The United States and the Republic of Korea are aligned in their core values and interests— but not always in their policies. With the start of a new administration in Seoul, there is an opportunity for the United States and ROK to more closely align their policies on supply chains for critical technologies. This article recommends four main lines of effort by the two governments to enhance policy coordination in this area:

  1. Align incentives for R&D and investment in critical technologies.
  2. Align cybersecurity, export control, investment screening, and other defensive policies to protect supply chains for critical technologies.
  3. Jointly promote an affirmative agenda to advance preferred global technology standards and digital rules.
  4. Take advantage of new and existing bilateral and plurilateral forums to coordinate the policies above.

The Logic of Cooperation

The United States and ROK have a compelling interest in working together to promote and protect critical technologies and make their supply chains more resilient. Among other reasons for this:

  • They have complementary capabilities. In semiconductors, for example, Korean companies produce around 70% of the world’s memory chips, while the United States is the global leader in advanced chip design. There are also many potential synergies from joint development of batteries, electric vehicles (EVs), and other clean energy technologies.
  • They face shared vulnerabilities, whether from cyberattacks, transfer of sensitive technologies to adversaries, unreliable access to critical materials, and an array of potential disruptions—natural and human-made—to supply chains.
  • As allies and advanced market democracies, they have shared values and preferences with regard to global standards, rules, and norms. 
  • There are numerous risks associated with NOT coordinating, from gaps in mutual security to redundant investments and overcapacity.
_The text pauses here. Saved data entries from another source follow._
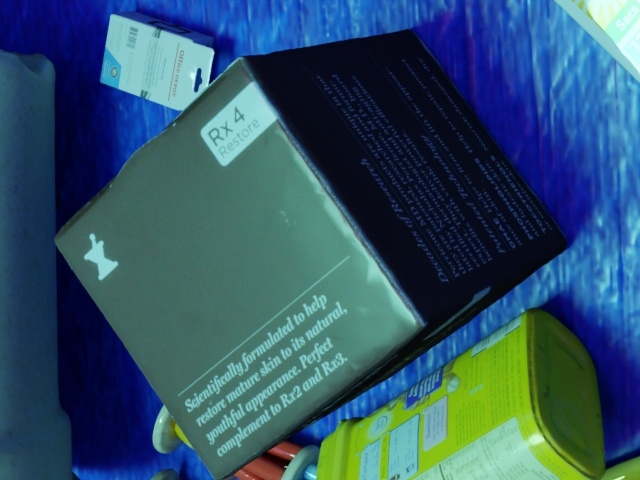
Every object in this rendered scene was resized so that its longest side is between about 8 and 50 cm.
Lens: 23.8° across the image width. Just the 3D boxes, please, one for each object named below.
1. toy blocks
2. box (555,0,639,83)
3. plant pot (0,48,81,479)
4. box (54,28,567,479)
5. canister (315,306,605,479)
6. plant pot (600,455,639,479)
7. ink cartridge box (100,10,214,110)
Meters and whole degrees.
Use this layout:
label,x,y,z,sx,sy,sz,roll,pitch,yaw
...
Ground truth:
label,x,y,z,sx,sy,sz,roll,pitch,yaw
toy blocks,-0.047,0.179,1.017,0.148,0.054,0.123,25,112,23
box,0.216,-0.176,0.755,0.114,0.103,0.203,46,119,13
plant pot,-0.302,0.015,0.996,0.333,0.334,0.306,10,96,28
box,0.000,0.000,0.862,0.168,0.203,0.167,-39,81,31
canister,0.080,0.128,0.893,0.073,0.126,0.170,39,122,-23
plant pot,0.199,0.275,0.802,0.254,0.254,0.239,-28,103,32
ink cartridge box,-0.100,-0.116,0.995,0.083,0.028,0.048,22,111,25
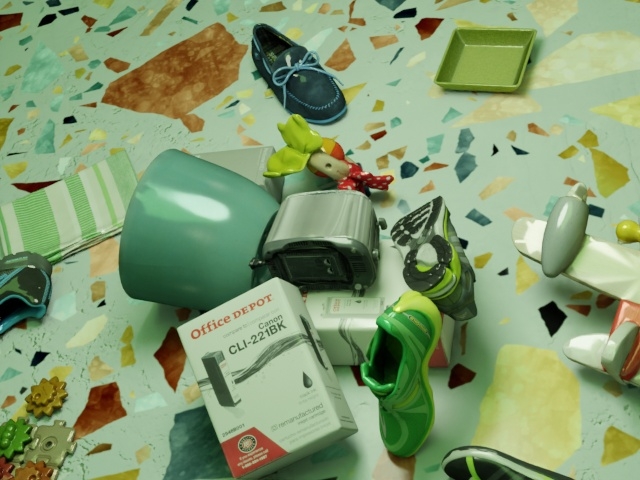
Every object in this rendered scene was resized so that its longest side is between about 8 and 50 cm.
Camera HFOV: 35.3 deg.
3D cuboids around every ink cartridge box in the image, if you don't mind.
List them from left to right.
[{"bbox_3d":[-0.088,0.225,1.644,0.197,0.114,0.273,-28,70,9],"label":"ink cartridge box"},{"bbox_3d":[0.092,0.109,1.774,0.283,0.117,0.207,-1,50,17],"label":"ink cartridge box"}]

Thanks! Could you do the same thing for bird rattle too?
[{"bbox_3d":[0.021,-0.163,2.006,0.253,0.143,0.207,19,17,-9],"label":"bird rattle"}]

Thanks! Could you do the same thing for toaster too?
[{"bbox_3d":[0.000,0.000,1.735,0.227,0.129,0.146,-3,44,20],"label":"toaster"}]

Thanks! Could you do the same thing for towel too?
[{"bbox_3d":[-0.544,-0.062,2.191,0.324,0.038,0.248,-26,46,-6],"label":"towel"}]

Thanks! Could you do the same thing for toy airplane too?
[{"bbox_3d":[0.529,0.046,1.581,0.386,0.272,0.384,-16,47,4],"label":"toy airplane"}]

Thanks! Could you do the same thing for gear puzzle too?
[{"bbox_3d":[-0.529,0.382,1.786,0.175,0.044,0.339,1,50,19],"label":"gear puzzle"}]

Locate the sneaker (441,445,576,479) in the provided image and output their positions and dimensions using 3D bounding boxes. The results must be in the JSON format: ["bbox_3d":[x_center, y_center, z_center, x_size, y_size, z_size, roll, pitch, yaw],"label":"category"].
[{"bbox_3d":[0.282,0.379,1.495,0.234,0.084,0.097,12,55,27],"label":"sneaker"}]

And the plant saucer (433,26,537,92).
[{"bbox_3d":[0.359,-0.383,2.173,0.188,0.045,0.188,6,53,23],"label":"plant saucer"}]

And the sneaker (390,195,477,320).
[{"bbox_3d":[0.193,0.032,1.665,0.111,0.121,0.300,-30,25,18],"label":"sneaker"}]

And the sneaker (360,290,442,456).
[{"bbox_3d":[0.111,0.215,1.564,0.123,0.296,0.109,-21,35,-34],"label":"sneaker"}]

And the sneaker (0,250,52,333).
[{"bbox_3d":[-0.703,0.131,2.012,0.340,0.125,0.140,-20,48,1],"label":"sneaker"}]

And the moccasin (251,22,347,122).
[{"bbox_3d":[-0.072,-0.378,2.260,0.137,0.117,0.342,-37,49,-15],"label":"moccasin"}]

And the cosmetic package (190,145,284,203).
[{"bbox_3d":[-0.203,-0.111,2.078,0.238,0.107,0.127,-8,44,15],"label":"cosmetic package"}]

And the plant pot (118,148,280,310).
[{"bbox_3d":[-0.201,0.000,1.868,0.235,0.293,0.293,16,55,13],"label":"plant pot"}]
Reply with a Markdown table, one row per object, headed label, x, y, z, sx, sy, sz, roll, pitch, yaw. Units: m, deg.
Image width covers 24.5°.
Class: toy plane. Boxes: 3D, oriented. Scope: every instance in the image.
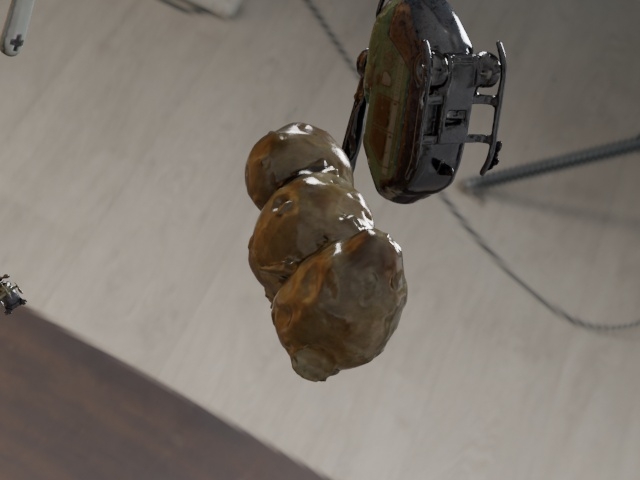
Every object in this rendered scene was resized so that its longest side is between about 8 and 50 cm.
| label | x | y | z | sx | sy | sz | roll | pitch | yaw |
| --- | --- | --- | --- | --- | --- | --- | --- | --- | --- |
| toy plane | 0.086 | -0.184 | 1.348 | 0.106 | 0.382 | 0.155 | -7 | 21 | -36 |
| toy plane | -0.375 | 0.062 | 1.761 | 0.031 | 0.120 | 0.049 | -34 | 99 | -13 |

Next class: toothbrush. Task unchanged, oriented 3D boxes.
| label | x | y | z | sx | sy | sz | roll | pitch | yaw |
| --- | --- | --- | --- | --- | --- | --- | --- | --- | --- |
| toothbrush | -0.236 | -0.308 | 1.324 | 0.030 | 0.304 | 0.030 | 19 | 13 | -5 |

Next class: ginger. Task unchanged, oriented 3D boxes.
| label | x | y | z | sx | sy | sz | roll | pitch | yaw |
| --- | --- | --- | --- | --- | --- | --- | --- | --- | --- |
| ginger | 0.000 | 0.000 | 0.949 | 0.080 | 0.104 | 0.204 | 23 | 26 | -29 |
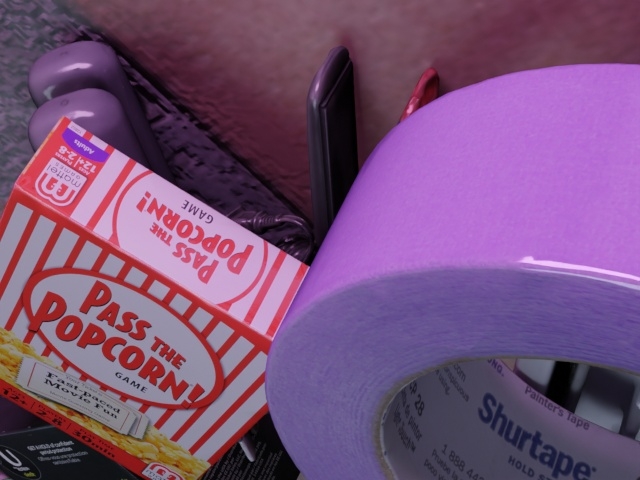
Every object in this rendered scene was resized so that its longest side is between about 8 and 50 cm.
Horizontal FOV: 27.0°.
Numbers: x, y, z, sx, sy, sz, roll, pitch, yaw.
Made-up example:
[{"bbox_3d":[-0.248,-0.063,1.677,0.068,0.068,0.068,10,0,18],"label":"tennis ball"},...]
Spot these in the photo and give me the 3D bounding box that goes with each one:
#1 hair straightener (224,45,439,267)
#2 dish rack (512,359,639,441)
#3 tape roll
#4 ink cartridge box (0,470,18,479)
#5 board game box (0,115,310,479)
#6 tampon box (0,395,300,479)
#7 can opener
[{"bbox_3d":[0.000,0.000,0.635,0.089,0.047,0.230,18,143,11],"label":"hair straightener"},{"bbox_3d":[0.227,0.057,0.547,0.285,0.072,0.333,18,145,11],"label":"dish rack"},{"bbox_3d":[0.121,0.066,0.490,0.274,0.090,0.275,18,147,13],"label":"tape roll"},{"bbox_3d":[-0.273,0.188,0.894,0.188,0.255,0.097,4,101,30],"label":"ink cartridge box"},{"bbox_3d":[-0.092,0.041,0.633,0.146,0.045,0.193,31,144,-6],"label":"board game box"},{"bbox_3d":[-0.112,0.128,0.840,0.120,0.101,0.161,-15,127,44],"label":"tampon box"},{"bbox_3d":[-0.059,0.013,0.704,0.095,0.076,0.283,-16,135,4],"label":"can opener"}]
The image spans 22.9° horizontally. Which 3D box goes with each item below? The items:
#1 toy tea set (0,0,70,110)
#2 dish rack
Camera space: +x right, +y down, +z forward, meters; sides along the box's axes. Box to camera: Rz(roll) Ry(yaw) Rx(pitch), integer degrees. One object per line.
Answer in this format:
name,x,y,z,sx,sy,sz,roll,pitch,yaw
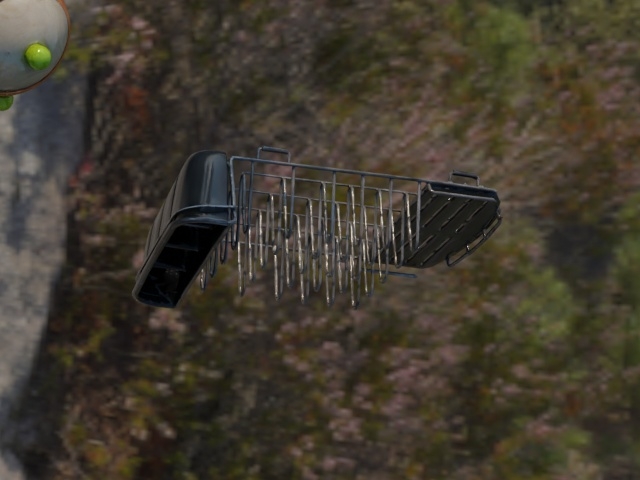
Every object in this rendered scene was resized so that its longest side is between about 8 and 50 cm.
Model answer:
toy tea set,-0.237,-0.251,1.166,0.200,0.124,0.336,-43,142,-11
dish rack,0.000,0.000,1.246,0.271,0.208,0.074,6,70,-15
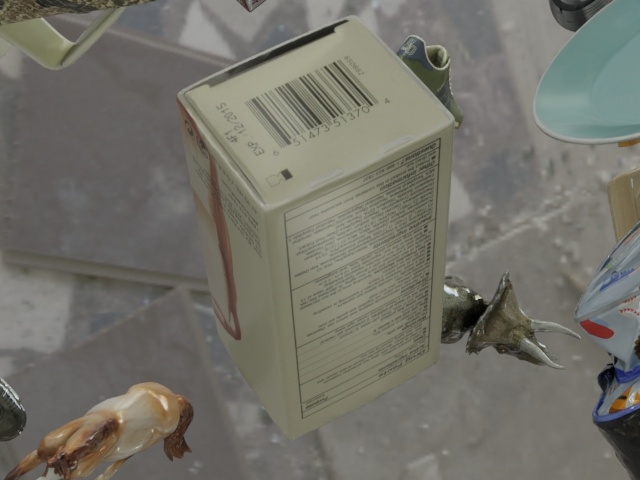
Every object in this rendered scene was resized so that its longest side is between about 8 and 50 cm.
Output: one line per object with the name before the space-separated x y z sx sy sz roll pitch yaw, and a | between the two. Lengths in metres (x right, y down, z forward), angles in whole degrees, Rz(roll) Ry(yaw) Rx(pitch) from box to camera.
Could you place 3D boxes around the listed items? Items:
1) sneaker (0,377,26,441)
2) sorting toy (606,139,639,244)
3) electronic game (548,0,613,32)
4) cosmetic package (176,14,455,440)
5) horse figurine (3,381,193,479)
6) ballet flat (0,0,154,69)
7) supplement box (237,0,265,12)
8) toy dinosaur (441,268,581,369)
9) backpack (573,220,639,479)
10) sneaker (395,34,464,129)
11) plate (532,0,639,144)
sneaker | -0.428 0.148 1.470 0.234 0.106 0.078 38 86 -4
sorting toy | 0.498 -0.061 1.987 0.229 0.041 0.307 -19 101 -42
electronic game | 0.364 -0.375 1.709 0.048 0.229 0.229 17 75 -24
cosmetic package | 0.000 0.000 0.992 0.153 0.129 0.296 -26 146 -18
horse figurine | -0.204 0.194 1.278 0.263 0.174 0.066 -16 67 -53
ballet flat | -0.249 -0.175 0.906 0.182 0.482 0.164 38 66 -36
supplement box | -0.037 -0.430 1.798 0.239 0.073 0.130 -39 154 -7
toy dinosaur | 0.073 0.070 1.280 0.313 0.160 0.121 2 80 -25
backpack | 0.309 0.053 0.915 0.213 0.276 0.263 62 26 -1
sneaker | 0.142 -0.199 1.670 0.192 0.064 0.086 16 100 -59
plate | 0.204 -0.108 0.740 0.024 0.188 0.188 52 55 -24
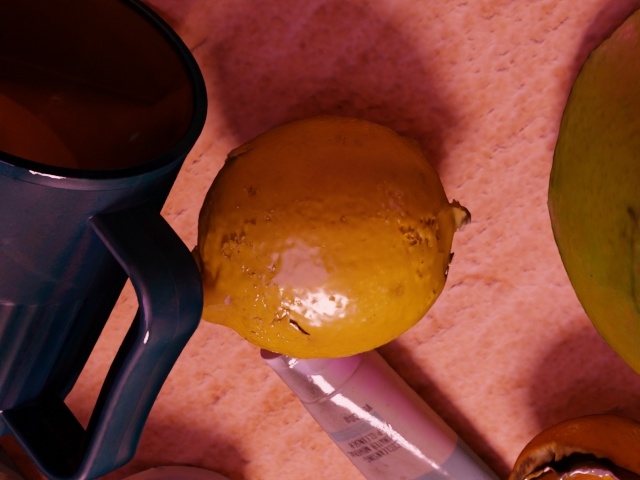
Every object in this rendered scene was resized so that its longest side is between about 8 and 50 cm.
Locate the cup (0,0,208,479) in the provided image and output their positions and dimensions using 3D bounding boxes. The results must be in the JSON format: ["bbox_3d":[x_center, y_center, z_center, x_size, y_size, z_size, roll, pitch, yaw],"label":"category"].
[{"bbox_3d":[-0.217,-0.011,1.380,0.308,0.242,0.292,29,127,0],"label":"cup"}]

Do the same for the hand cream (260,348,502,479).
[{"bbox_3d":[0.073,0.179,1.508,0.111,0.070,0.312,-32,111,29],"label":"hand cream"}]

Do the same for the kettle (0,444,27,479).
[{"bbox_3d":[-0.295,0.312,1.599,0.319,0.247,0.342,12,117,38],"label":"kettle"}]

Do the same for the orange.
[{"bbox_3d":[0.221,0.193,1.439,0.160,0.112,0.170,-6,143,10],"label":"orange"}]

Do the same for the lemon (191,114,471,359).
[{"bbox_3d":[0.000,0.000,1.348,0.206,0.173,0.173,-22,119,-15],"label":"lemon"}]

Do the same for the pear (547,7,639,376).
[{"bbox_3d":[0.334,0.008,1.248,0.399,0.165,0.399,9,123,13],"label":"pear"}]

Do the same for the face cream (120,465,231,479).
[{"bbox_3d":[-0.116,0.385,1.650,0.145,0.145,0.369,6,122,15],"label":"face cream"}]
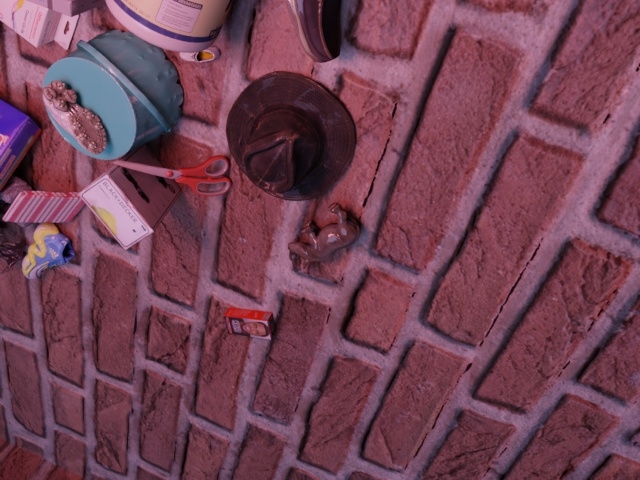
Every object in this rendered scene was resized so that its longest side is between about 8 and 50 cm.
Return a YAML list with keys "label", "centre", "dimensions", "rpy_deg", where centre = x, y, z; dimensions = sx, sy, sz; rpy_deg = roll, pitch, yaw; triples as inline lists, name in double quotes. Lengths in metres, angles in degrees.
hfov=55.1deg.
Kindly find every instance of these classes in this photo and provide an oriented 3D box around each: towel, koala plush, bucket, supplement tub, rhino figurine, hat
- label: "towel"
  centre: [-0.764, -0.094, 1.710]
  dimensions: [0.144, 0.197, 0.029]
  rpy_deg: [-37, 67, 37]
- label: "koala plush"
  centre: [-0.950, -0.085, 1.730]
  dimensions: [0.203, 0.221, 0.196]
  rpy_deg: [30, 153, 5]
- label: "bucket"
  centre: [-0.479, -0.333, 1.415]
  dimensions: [0.281, 0.183, 0.281]
  rpy_deg: [11, 126, 15]
- label: "supplement tub"
  centre: [-0.247, -0.547, 1.139]
  dimensions: [0.235, 0.235, 0.325]
  rpy_deg: [35, 129, -4]
- label: "rhino figurine"
  centre: [0.000, 0.000, 1.525]
  dimensions: [0.243, 0.073, 0.106]
  rpy_deg: [-34, 103, 38]
- label: "hat"
  centre: [-0.093, -0.205, 1.382]
  dimensions: [0.331, 0.134, 0.332]
  rpy_deg: [11, 126, 16]

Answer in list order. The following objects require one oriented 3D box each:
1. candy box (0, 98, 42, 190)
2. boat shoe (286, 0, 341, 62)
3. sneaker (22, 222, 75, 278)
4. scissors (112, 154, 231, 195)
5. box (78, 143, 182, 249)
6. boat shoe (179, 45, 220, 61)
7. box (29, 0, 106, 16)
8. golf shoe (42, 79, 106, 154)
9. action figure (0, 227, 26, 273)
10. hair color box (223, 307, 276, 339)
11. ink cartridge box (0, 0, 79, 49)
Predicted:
- label: "candy box"
  centre: [-0.946, -0.277, 1.594]
  dimensions: [0.317, 0.268, 0.122]
  rpy_deg: [32, 171, 0]
- label: "boat shoe"
  centre: [0.009, -0.505, 1.131]
  dimensions: [0.130, 0.132, 0.356]
  rpy_deg: [4, 125, 20]
- label: "sneaker"
  centre: [-0.836, 0.057, 1.892]
  dimensions: [0.126, 0.091, 0.240]
  rpy_deg: [31, 128, -2]
- label: "scissors"
  centre: [-0.346, -0.148, 1.466]
  dimensions: [0.021, 0.297, 0.109]
  rpy_deg: [44, 131, 42]
- label: "box"
  centre: [-0.447, -0.117, 1.479]
  dimensions: [0.087, 0.290, 0.169]
  rpy_deg: [-31, 110, 13]
- label: "boat shoe"
  centre: [-0.274, -0.414, 1.370]
  dimensions: [0.100, 0.035, 0.035]
  rpy_deg: [7, 125, 17]
- label: "box"
  centre: [-0.576, -0.547, 1.329]
  dimensions: [0.186, 0.145, 0.038]
  rpy_deg: [22, 127, 6]
- label: "golf shoe"
  centre: [-0.539, -0.262, 1.343]
  dimensions: [0.086, 0.069, 0.176]
  rpy_deg: [-12, 116, 51]
- label: "action figure"
  centre: [-1.050, -0.025, 1.893]
  dimensions: [0.164, 0.141, 0.276]
  rpy_deg: [-24, 114, 46]
- label: "hair color box"
  centre: [-0.207, 0.242, 1.796]
  dimensions: [0.141, 0.043, 0.072]
  rpy_deg: [3, 123, 19]
- label: "ink cartridge box"
  centre: [-0.674, -0.537, 1.425]
  dimensions: [0.198, 0.067, 0.115]
  rpy_deg: [37, 129, -5]
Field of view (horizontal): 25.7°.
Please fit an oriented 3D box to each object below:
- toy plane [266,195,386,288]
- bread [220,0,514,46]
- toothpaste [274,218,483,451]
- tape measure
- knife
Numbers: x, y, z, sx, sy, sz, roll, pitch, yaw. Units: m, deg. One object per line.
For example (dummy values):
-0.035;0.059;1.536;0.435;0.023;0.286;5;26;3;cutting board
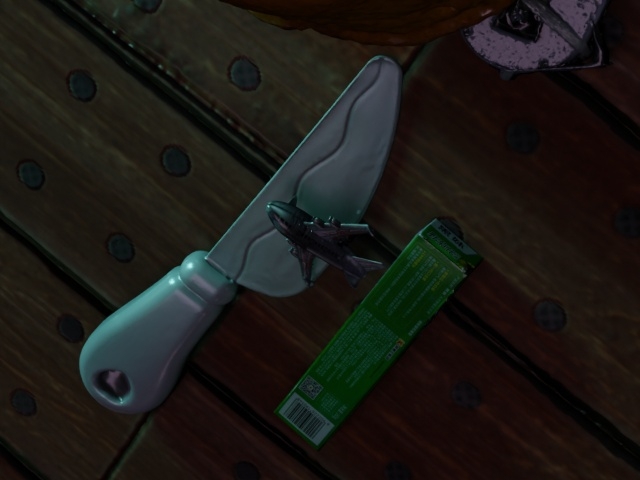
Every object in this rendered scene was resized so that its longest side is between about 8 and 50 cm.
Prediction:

In recent high-level interactions, Washington and Seoul have recognized the potential benefits of closer cooperation in the technology arena. The joint statement released by President Biden and President Moon after their summit in May 2021 included an extensive section calling for a strengthened partnership to promote and protect critical technologies such as semiconductors, EV batteries, biotechnology, and telecommunications. 1.In his congratulatory call to president-elect Yoon Suk-yeol on March 9, 2022, President Biden said he looked forward to cooperating with his new counterpart on supply chains and other key global challenges. 2

From Words to Practice

The challenge now will be to put shared recognition of the potential benefits of greater cooperation into practice through tangible action by the two governments, individually and in concert. Three lines of effort stand out as priorities.

First, Washington and Seoul should coordinate their efforts to increase funding and policy support for R&D and investment in critical technologies. In semiconductors, the foundational technology of today’s digital economy, each country has taken steps to sustain its leadership in chip development and production. Through its “K-Semiconductor Belt” strategy, for example, the Moon administration, in May 2021, announced substantial tax credits for semiconductor R&D and investment.3 For its part, the Biden administration made semiconductors a focus of its 100-day supply chain review in early 2021, promising an array of policies to bolster the industry.4 Meanwhile, the so-called CHIPS Act authorizing $52 billion to support chip investment and R&D continues to wend its way through the US Congress.5

The challenge is to coordinate efforts like these to ensure reliable and secure supplies of semiconductors over the short and long term, not only for the United States and ROK but also for key allies and partners. As the Information Technology and Information Foundation (ITIF) said in a 2020 report, chip production is a complex and expensive undertaking that no single country can manage alone.6 Coordination among key players such as the United States and ROK will be necessary not only to enhance supply chain resilience but also to avoid redundancy of investment and overcapacity.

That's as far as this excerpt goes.